What needs to be done:
Look for "Next target: the fire" in the records below, then copy that line and every line after it, exactly and with nothing added.

[Material supplied Boundary: Start]

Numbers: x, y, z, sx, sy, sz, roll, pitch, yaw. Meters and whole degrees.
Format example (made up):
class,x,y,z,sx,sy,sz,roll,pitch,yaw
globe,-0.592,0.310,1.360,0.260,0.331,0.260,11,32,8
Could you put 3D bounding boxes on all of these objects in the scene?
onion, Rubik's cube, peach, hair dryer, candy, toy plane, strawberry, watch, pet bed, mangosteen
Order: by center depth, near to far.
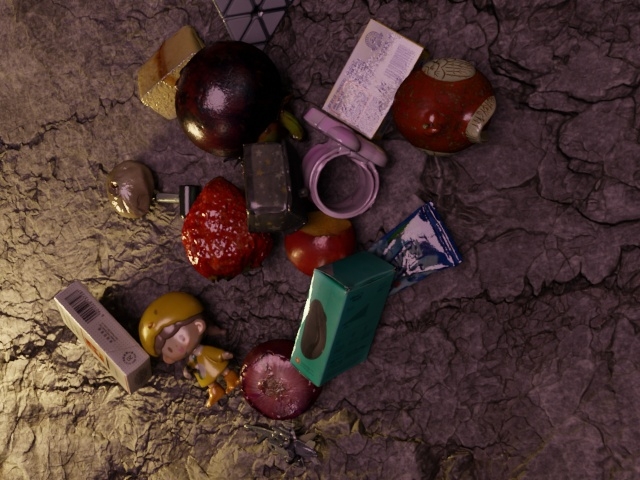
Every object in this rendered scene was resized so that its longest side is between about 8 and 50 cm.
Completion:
class,x,y,z,sx,sy,sz,roll,pitch,yaw
pet bed,-0.110,-0.134,1.737,0.159,0.183,0.211,-3,69,-6
watch,0.041,-0.179,1.761,0.248,0.211,0.217,26,99,-26
candy,0.203,0.058,1.811,0.331,0.077,0.187,-33,81,24
mangosteen,-0.205,-0.357,1.812,0.359,0.306,0.306,22,103,7
peach,0.000,0.000,1.816,0.190,0.190,0.192,48,146,10
Rubik's cube,-0.208,-0.646,1.865,0.228,0.229,0.233,27,64,-20
strawberry,-0.256,-0.036,1.877,0.257,0.257,0.277,-9,102,21
onion,-0.105,0.380,1.915,0.248,0.161,0.248,5,101,24
toy plane,-0.119,0.578,1.981,0.262,0.088,0.192,4,124,24
hair dryer,-0.445,-0.120,2.062,0.197,0.057,0.100,7,98,29

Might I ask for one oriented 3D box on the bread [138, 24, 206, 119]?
class,x,y,z,sx,sy,sz,roll,pitch,yaw
bread,-0.410,-0.497,2.018,0.240,0.135,0.178,-34,49,21

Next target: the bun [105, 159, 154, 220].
class,x,y,z,sx,sy,sz,roll,pitch,yaw
bun,-0.576,-0.151,2.058,0.166,0.113,0.173,-46,65,24

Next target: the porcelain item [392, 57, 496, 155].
class,x,y,z,sx,sy,sz,roll,pitch,yaw
porcelain item,0.292,-0.301,1.644,0.253,0.253,0.253,2,96,21

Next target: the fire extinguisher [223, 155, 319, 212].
class,x,y,z,sx,sy,sz,roll,pitch,yaw
fire extinguisher,-0.137,-0.168,1.903,0.269,0.105,0.105,37,107,13

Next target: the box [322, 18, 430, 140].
class,x,y,z,sx,sy,sz,roll,pitch,yaw
box,0.142,-0.409,1.776,0.168,0.097,0.265,33,105,15

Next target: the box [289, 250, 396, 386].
class,x,y,z,sx,sy,sz,roll,pitch,yaw
box,0.055,0.195,1.767,0.118,0.205,0.311,33,123,29

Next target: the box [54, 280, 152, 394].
class,x,y,z,sx,sy,sz,roll,pitch,yaw
box,-0.652,0.296,2.092,0.330,0.210,0.095,42,63,11

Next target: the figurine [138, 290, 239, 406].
class,x,y,z,sx,sy,sz,roll,pitch,yaw
figurine,-0.380,0.312,2.008,0.215,0.187,0.344,-39,87,11

[Material supplied Boundary: End]

Exercise solution:
Next target: the fire extinguisher [223, 155, 319, 212].
class,x,y,z,sx,sy,sz,roll,pitch,yaw
fire extinguisher,-0.137,-0.168,1.903,0.269,0.105,0.105,37,107,13

Next target: the box [322, 18, 430, 140].
class,x,y,z,sx,sy,sz,roll,pitch,yaw
box,0.142,-0.409,1.776,0.168,0.097,0.265,33,105,15

Next target: the box [289, 250, 396, 386].
class,x,y,z,sx,sy,sz,roll,pitch,yaw
box,0.055,0.195,1.767,0.118,0.205,0.311,33,123,29

Next target: the box [54, 280, 152, 394].
class,x,y,z,sx,sy,sz,roll,pitch,yaw
box,-0.652,0.296,2.092,0.330,0.210,0.095,42,63,11

Next target: the figurine [138, 290, 239, 406].
class,x,y,z,sx,sy,sz,roll,pitch,yaw
figurine,-0.380,0.312,2.008,0.215,0.187,0.344,-39,87,11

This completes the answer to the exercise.